Config / implementation numbers:来自论文表格与当前源码。论文表 1 写 v0.4 / April 2026 有 65+ Markdown skill files、5 个 end-to-end workflows、6 个 MCP bridges、3 个 tested executors + 3 个 adapted、4 个 effort presets(lite / balanced / max / beast)。当前 repo main@f8cff0a1 的 skills/auto-review-loop/SKILL.md 写 MAX_ROUNDS=4、POSITIVE_THRESHOLD: score >= 6/10;skills/research-pipeline/SKILL.md 暴露 AUTO_PROCEED、AUTO_WRITE、REVIEWER_DIFFICULTY 等 workflow-level defaults;skills/paper-writing/SKILL.md 在 max/beast 或 submission assurance 下会调用 tools/verify_paper_audits.sh 作为最终 audit verifier。

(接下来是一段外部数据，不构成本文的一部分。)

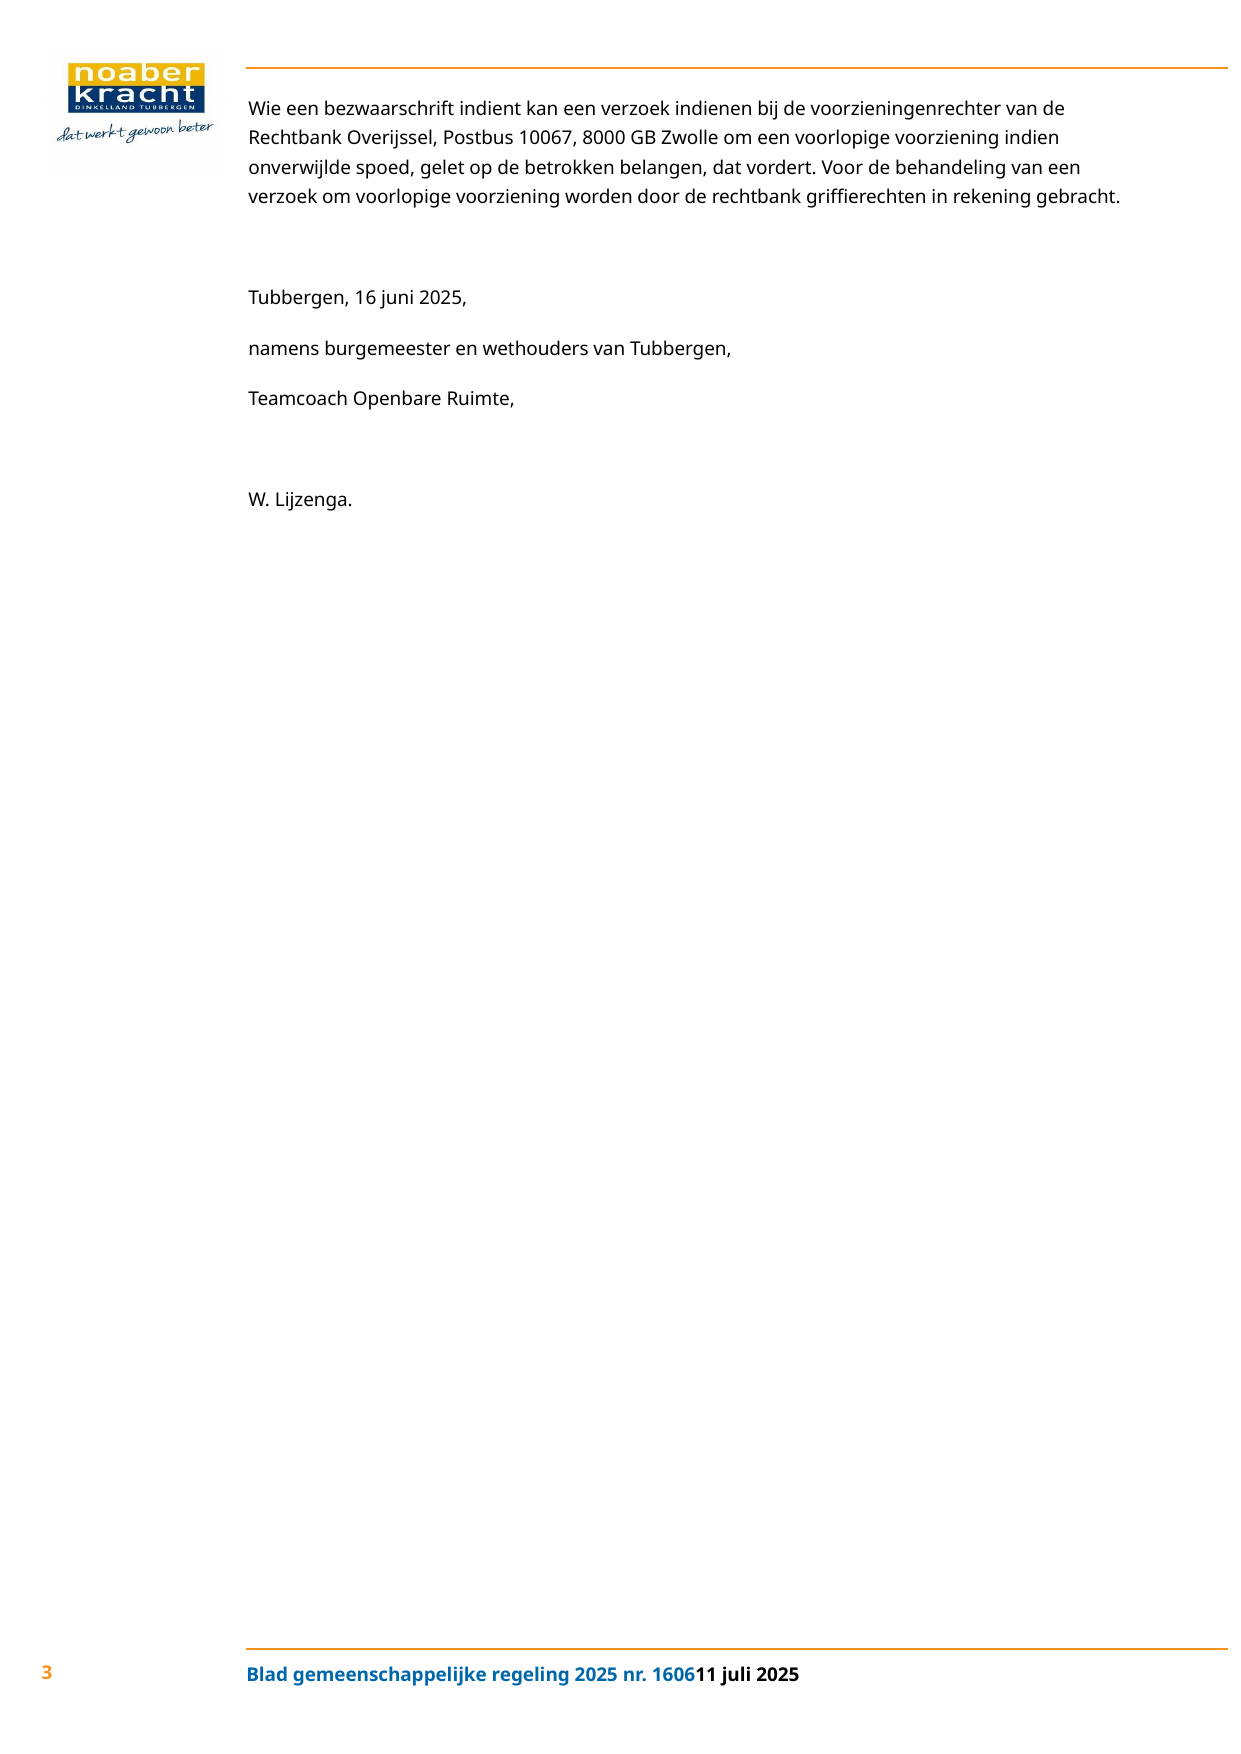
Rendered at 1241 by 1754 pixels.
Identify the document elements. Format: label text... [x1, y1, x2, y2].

text namens burgemeester en wethouders van Tubbergen, [248, 335, 1152, 361]
text Tubbergen, 16 juni 2025, [248, 284, 1152, 310]
text W. Lijzenga. [248, 486, 1152, 512]
picture [41, 47, 231, 172]
text Wie een bezwaarschrift indient kan een verzoek indienen bij de voorzieningenrechter van de Rechtbank Overijssel, Postbus 10067, 8000 GB Zwolle om een voorlopige voorziening indien onverwijlde spoed, gelet op de betrokken belangen, dat vordert. Voor de behandeling van een verzoek om voorlopige voorziening worden door de rechtbank griffierechten in rekening gebracht. [248, 95, 1152, 209]
text Teamcoach Openbare Ruimte, [248, 385, 1152, 411]
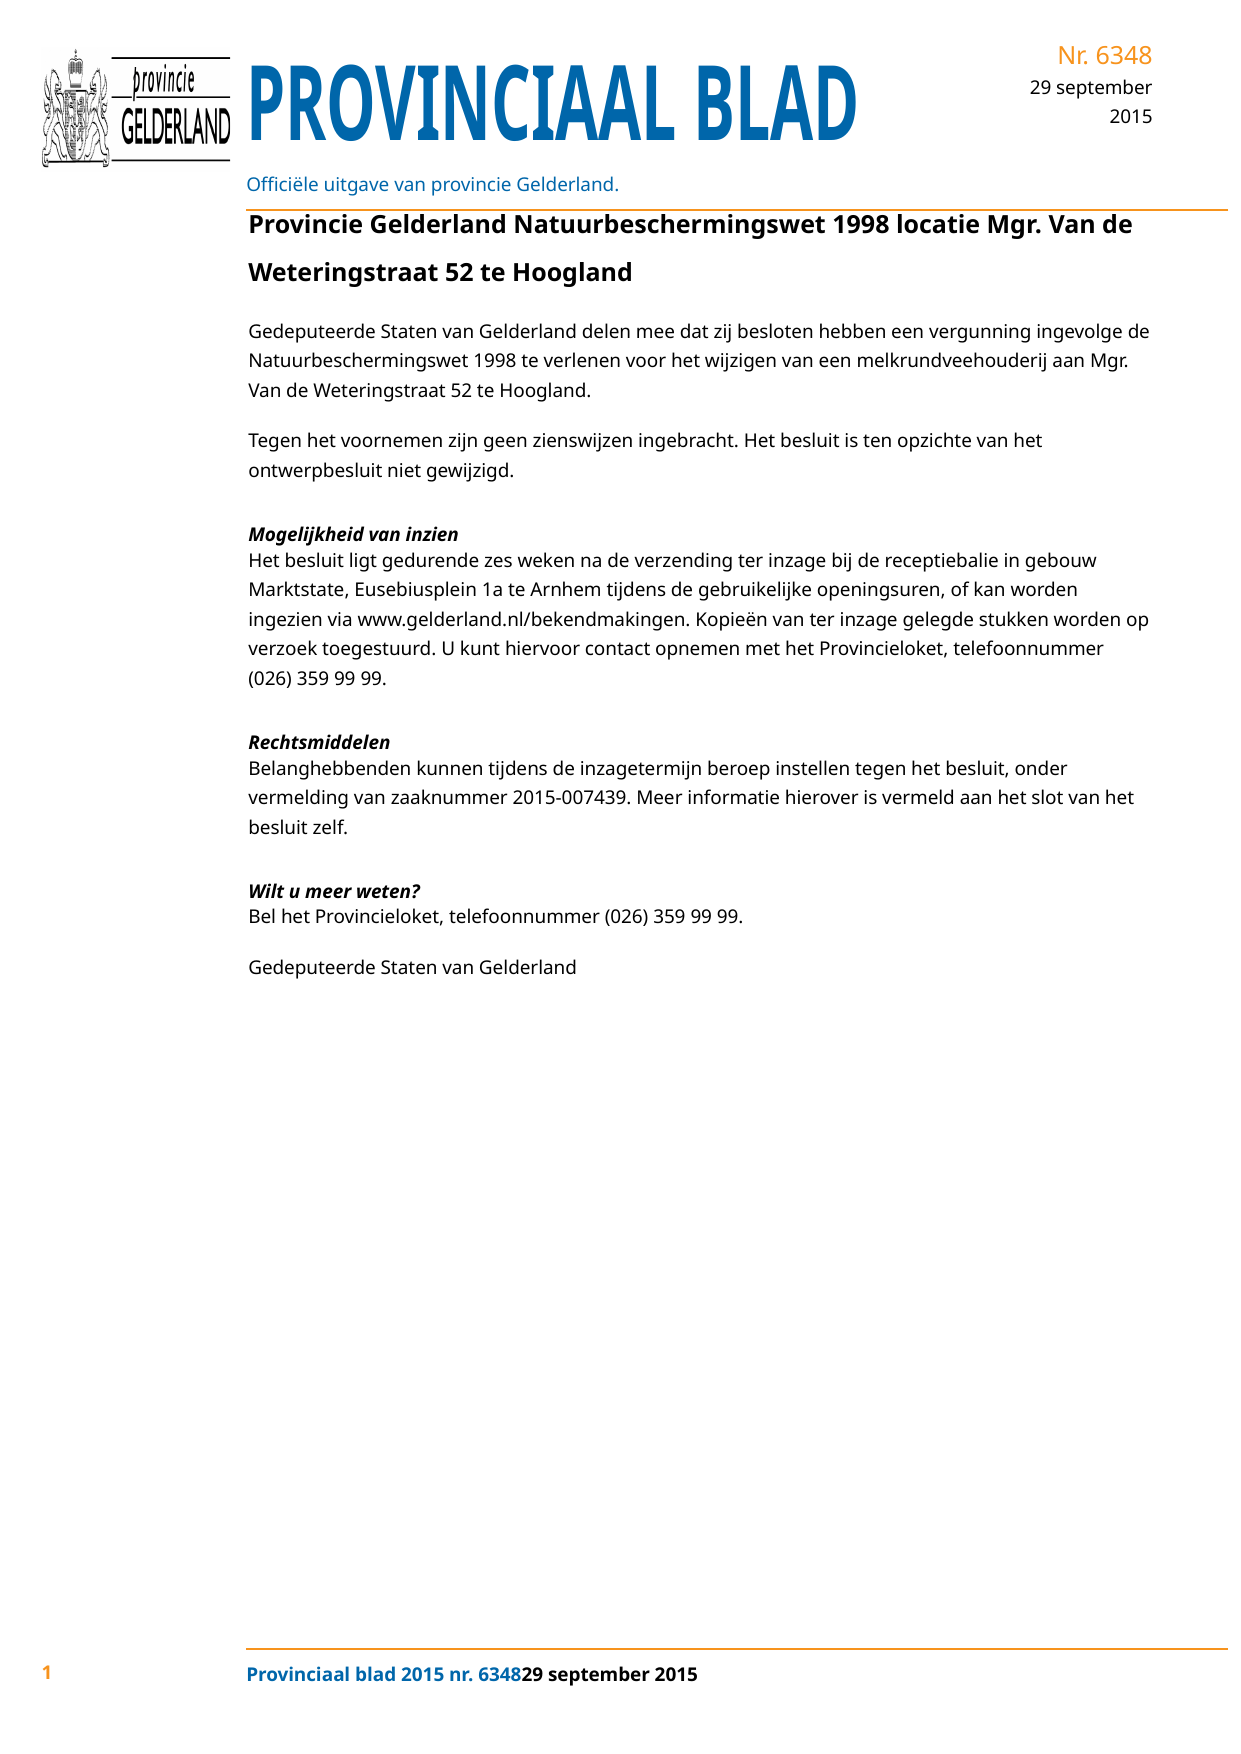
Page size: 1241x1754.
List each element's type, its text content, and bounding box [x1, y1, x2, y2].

text Rechtsmiddelen [248, 729, 1152, 755]
text Bel het Provincieloket, telefoonnummer (026) 359 99 99. [248, 904, 1152, 929]
text Mogelijkheid van inzien [248, 521, 1152, 547]
text Provincie Gelderland Natuurbeschermingswet 1998 locatie Mgr. Van de Weteringstraat 52 te Hoogland [248, 211, 1152, 288]
text Tegen het voornemen zijn geen zienswijzen ingebracht. Het besluit is ten opzichte van het ontwerpbesluit niet gewijzigd. [248, 427, 1152, 483]
text Belanghebbenden kunnen tijdens de inzagetermijn beroep instellen tegen het besluit, onder vermelding van zaaknummer 2015-007439. Meer informatie hierover is vermeld aan het slot van het besluit zelf. [248, 755, 1152, 840]
text Wilt u meer weten? [248, 878, 1152, 904]
text Het besluit ligt gedurende zes weken na de verzending ter inzage bij de receptiebalie in gebouw Marktstate, Eusebiusplein 1a te Arnhem tijdens de gebruikelijke openingsuren, of kan worden ingezien via www.gelderland.nl/bekendmakingen. Kopieën van ter inzage gelegde stukken worden op verzoek toegestuurd. U kunt hiervoor contact opnemen met het Provincieloket, telefoonnummer (026) 359 99 99. [248, 547, 1152, 691]
picture [41, 47, 231, 172]
text Gedeputeerde Staten van Gelderland delen mee dat zij besloten hebben een vergunning ingevolge de Natuurbeschermingswet 1998 te verlenen voor het wijzigen van een melkrundveehouderij aan Mgr. Van de Weteringstraat 52 te Hoogland. [248, 318, 1152, 403]
text Gedeputeerde Staten van Gelderland [248, 954, 1152, 980]

5. Experimental Results (实验结果)
Implementation footprint:论文报告当前 implementation footprint 为:65+ Markdown-defined skills;5 个 end-to-end workflows 加 full pipeline command;6 个 MCP bridges(Codex、Oracle、Claude、Gemini、MiniMax、llm-chat);3 个 tested executors(Claude Code、Codex CLI、Cursor)和 3 个 adapted executors;3-stage audit cascade + manuscript quality;per-project research wiki 有 4 类 entity;effort presets 为 lite / balanced / max / beast;skills 本身无依赖,CLI 为 single binary。
Deployment footprint:截至 April 2026,论文报告 executor platforms 为 3 tested + 3 adapted(6 total);reviewer models 为 6+(GPT、Gemini、GLM、MiniMax、Kimi、DeepSeek);GPU backends 为 4(local、SSH、Vast.ai、Modal);venue templates 为 9 families;free-tier API access 使用 ModelScope;community contributions 为 30+ skills,覆盖 robotics、hardware、communications、math。
Overnight trajectory:一个约 8 小时的实际运行完成 4 轮 review–revise,将 internal reviewer score 从 5.0 提升到 7.5/10,启动 20+ GPU experiments,并删除了 available evidence 不支持的 claims。这个结果只证明 harness 能把 claim pruning 和 review-driven revision 操作化;论文明确说它不能证明 cross-family review 因果上优于 same-family review,也不能证明两个 reviewer 是最优 committee size。
Feature comparison:ARIS 相比 The AI Scientist / AI Scientist-v2 / Agent Laboratory / data-to-paper / AutoGen / MetaGPT / OpenHands 的最强点是完整性而非单项能力:baseline 普遍没有 cross-family policy,adversarial review 和 assurance stack 多为 partial 或 none;ARIS 在 composable skills、E2E research workflow、assurance stack 和 cross-platform portability 上都标为 yes。不过这张表是基于截至 April 2026 的文档/论文公开特性,不是性能 benchmark。
Limitations:作者列出五类限制:不能保证 correctness / novelty / scientific soundness;audit cascade 不是 formal verification;review loop 可能放大 reviewer bias 并 overfit reviewer preference;humans 仍需提供方向、验证证据并决定是否投稿;repository-level review 可能把敏感代码发送给外部 LLM API,local-only reviewer routing 仍是 planned but not yet implemented。额外重要限制是缺少 controlled evaluation,未来需要 compute-matched comparisons、local reviewer models 和 researcher productivity user studies。